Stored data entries
-=-=-=-=-
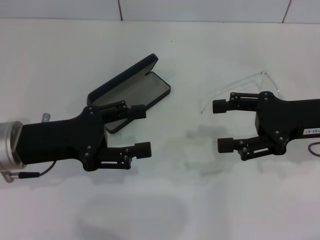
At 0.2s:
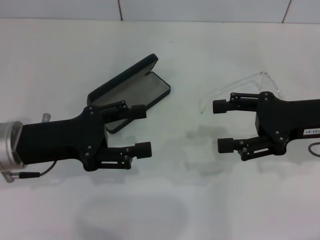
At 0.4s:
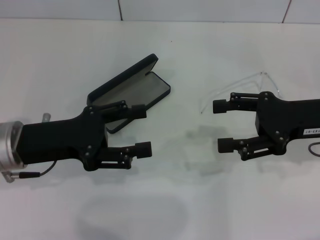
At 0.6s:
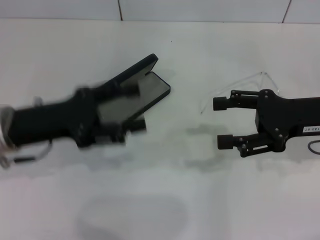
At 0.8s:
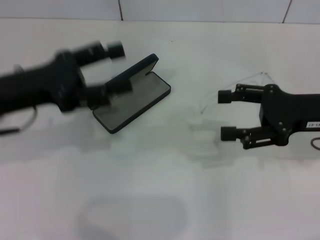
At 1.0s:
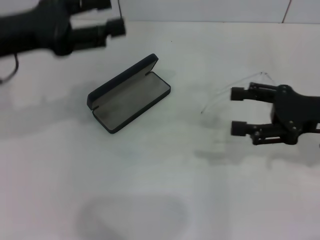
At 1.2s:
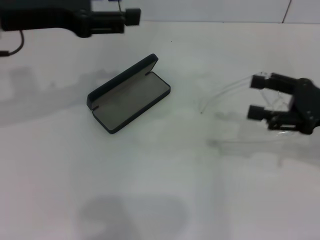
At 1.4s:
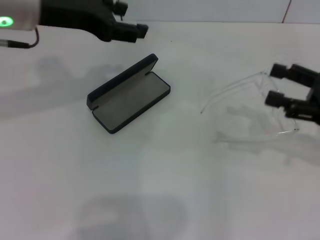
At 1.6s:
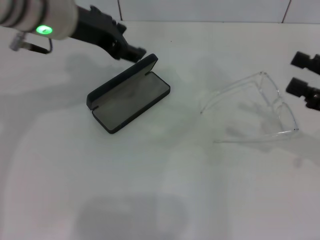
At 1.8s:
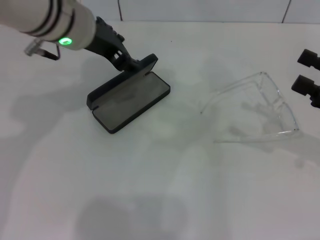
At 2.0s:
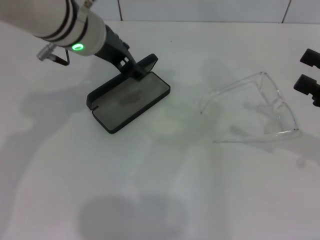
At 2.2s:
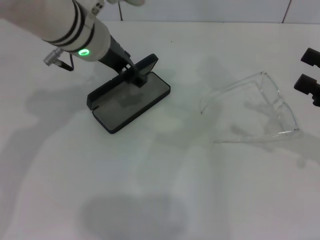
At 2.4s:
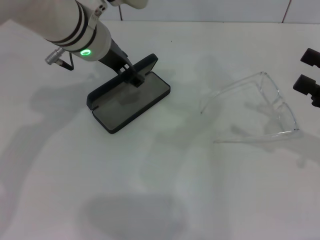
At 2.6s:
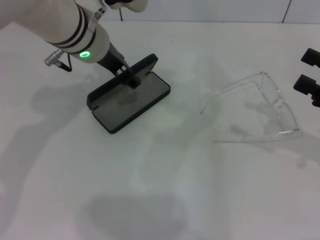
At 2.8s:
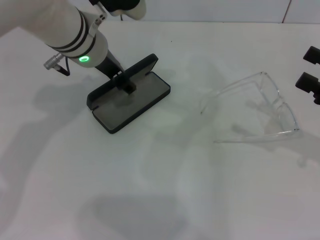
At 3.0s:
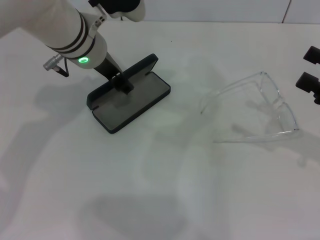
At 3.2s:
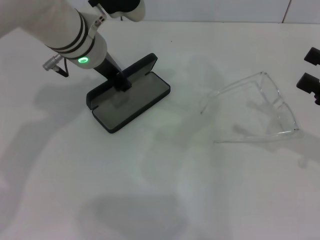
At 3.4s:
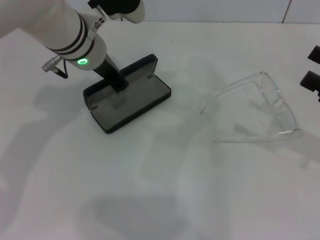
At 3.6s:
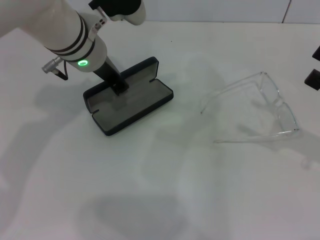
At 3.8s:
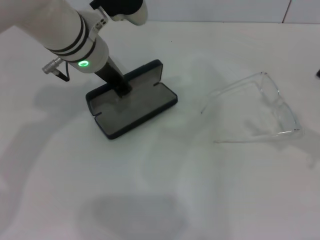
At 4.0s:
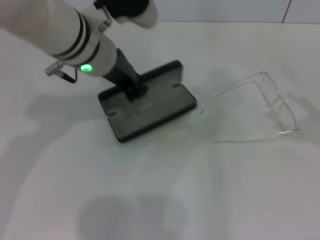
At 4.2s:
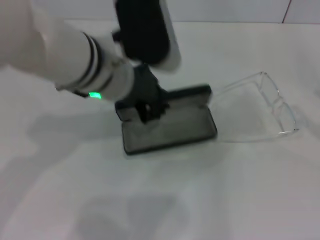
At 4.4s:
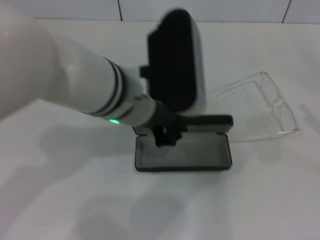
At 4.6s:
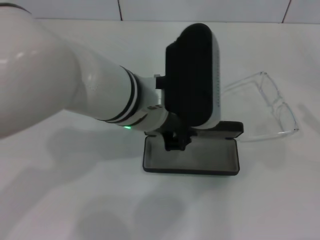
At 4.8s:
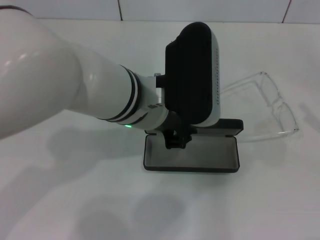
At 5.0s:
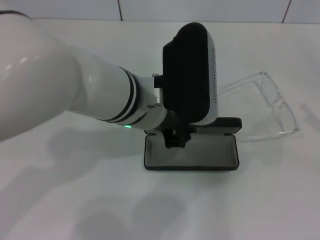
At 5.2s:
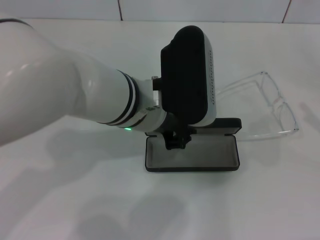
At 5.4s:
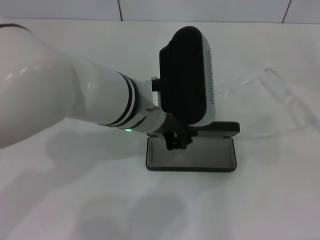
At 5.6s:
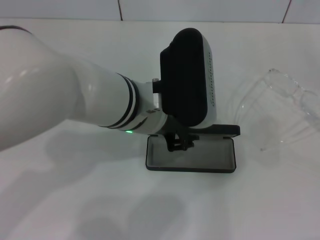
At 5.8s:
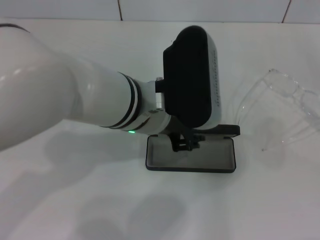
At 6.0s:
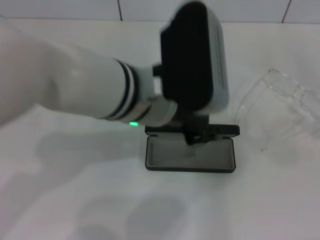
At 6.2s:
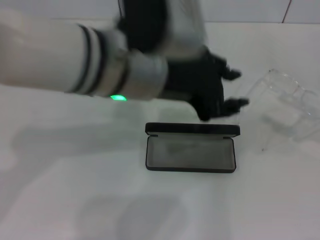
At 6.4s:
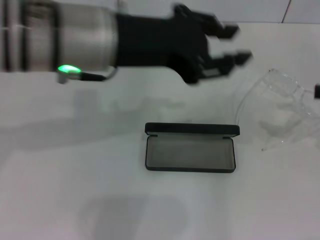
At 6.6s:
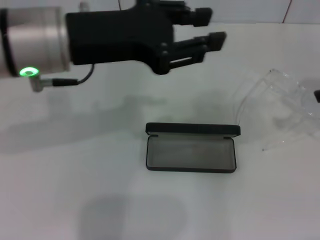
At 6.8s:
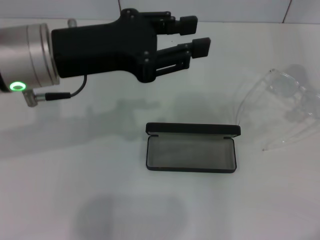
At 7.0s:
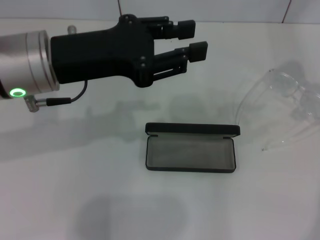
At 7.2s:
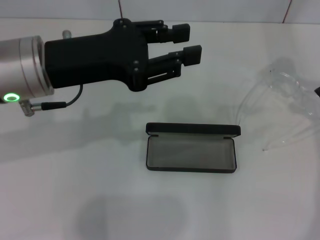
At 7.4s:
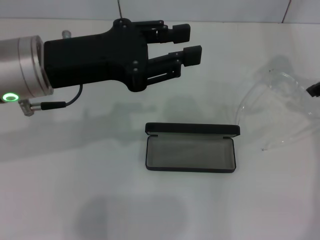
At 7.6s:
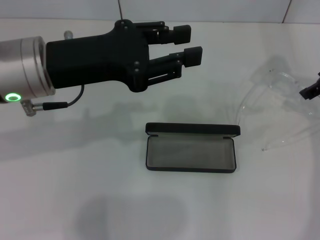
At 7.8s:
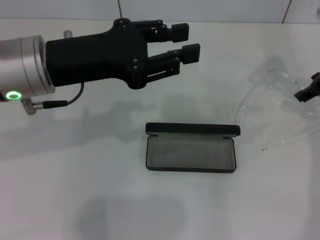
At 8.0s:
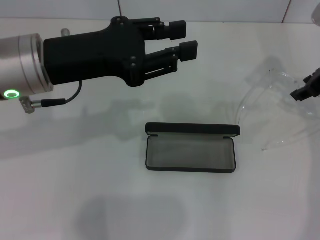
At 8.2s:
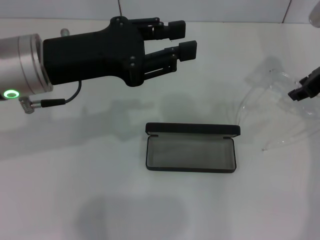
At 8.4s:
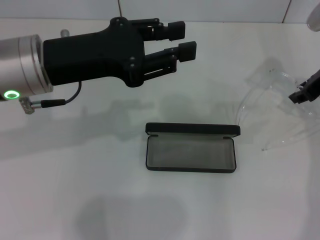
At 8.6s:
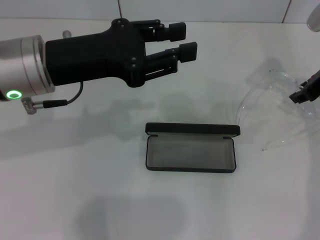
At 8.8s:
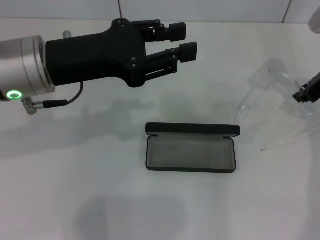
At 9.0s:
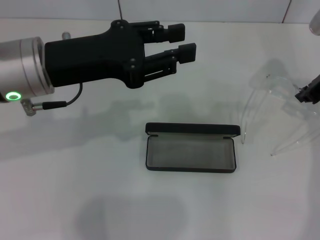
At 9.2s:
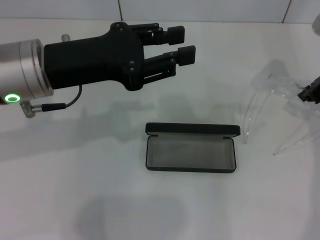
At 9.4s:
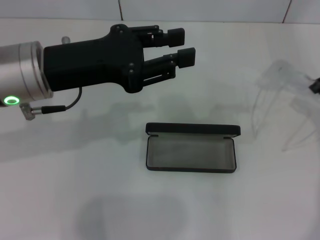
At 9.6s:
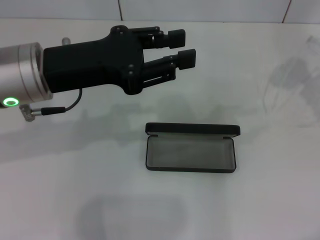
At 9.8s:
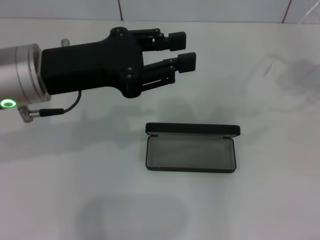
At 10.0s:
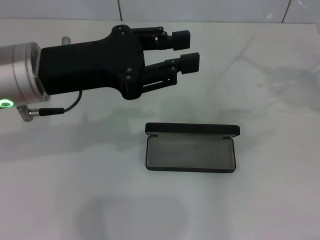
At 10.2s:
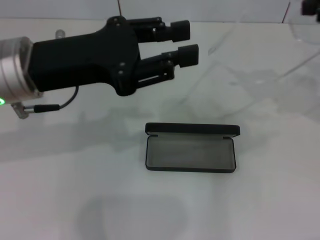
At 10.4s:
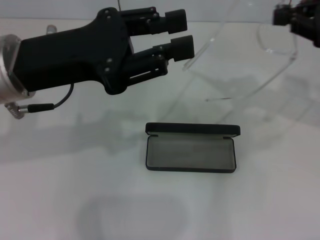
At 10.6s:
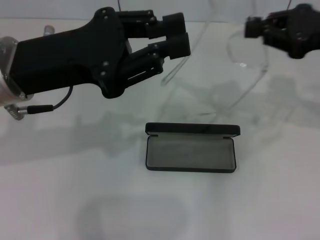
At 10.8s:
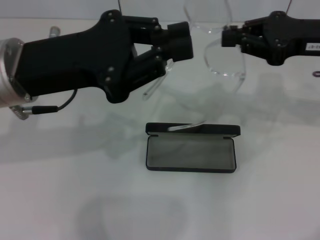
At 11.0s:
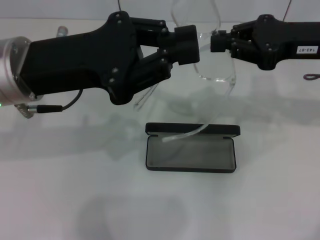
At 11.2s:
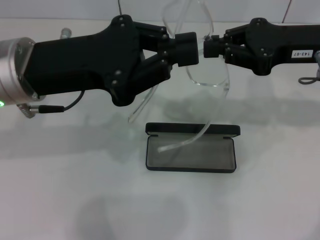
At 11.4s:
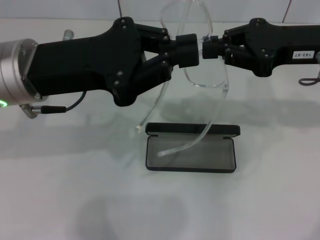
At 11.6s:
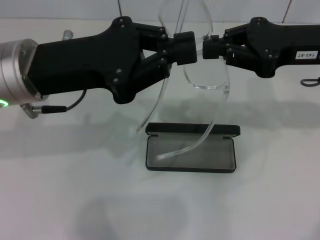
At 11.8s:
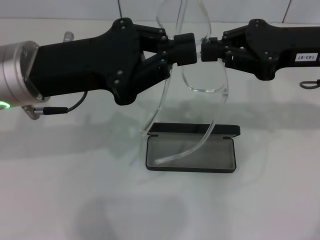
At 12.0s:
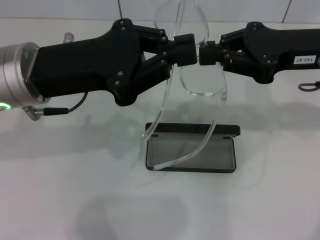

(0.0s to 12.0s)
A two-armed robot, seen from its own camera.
-=-=-=-=-
* **Your assignment**
Your output should be the full set of entries above, restated word for word and free of pictures.

* **Written answer**
At 0.2s:
At 0.4s:
At 0.6s:
At 0.8s:
At 1.0s:
At 1.2s:
At 1.4s:
At 1.6s:
At 1.8s:
At 2.0s:
At 2.2s:
At 2.4s:
At 2.6s:
At 2.8s:
At 3.0s:
At 3.2s:
At 3.4s:
At 3.6s:
At 3.8s:
At 4.0s:
At 4.2s:
At 4.4s:
At 4.6s:
At 4.8s:
At 5.0s:
At 5.2s:
At 5.4s:
At 5.6s:
At 5.8s:
At 6.0s:
At 6.2s:
At 6.4s:
At 6.6s:
At 6.8s:
At 7.0s:
At 7.2s:
At 7.4s:
At 7.6s:
At 7.8s:
At 8.0s:
At 8.2s:
At 8.4s:
At 8.6s:
At 8.8s:
At 9.0s:
At 9.2s:
At 9.4s:
At 9.6s:
At 9.8s:
At 10.0s:
At 10.2s:
At 10.4s:
At 10.6s:
At 10.8s:
At 11.0s:
At 11.2s:
At 11.4s:
At 11.6s:
At 11.8s:
At 12.0s:

(0.0s to 12.0s)
A two-armed robot, seen from its own camera.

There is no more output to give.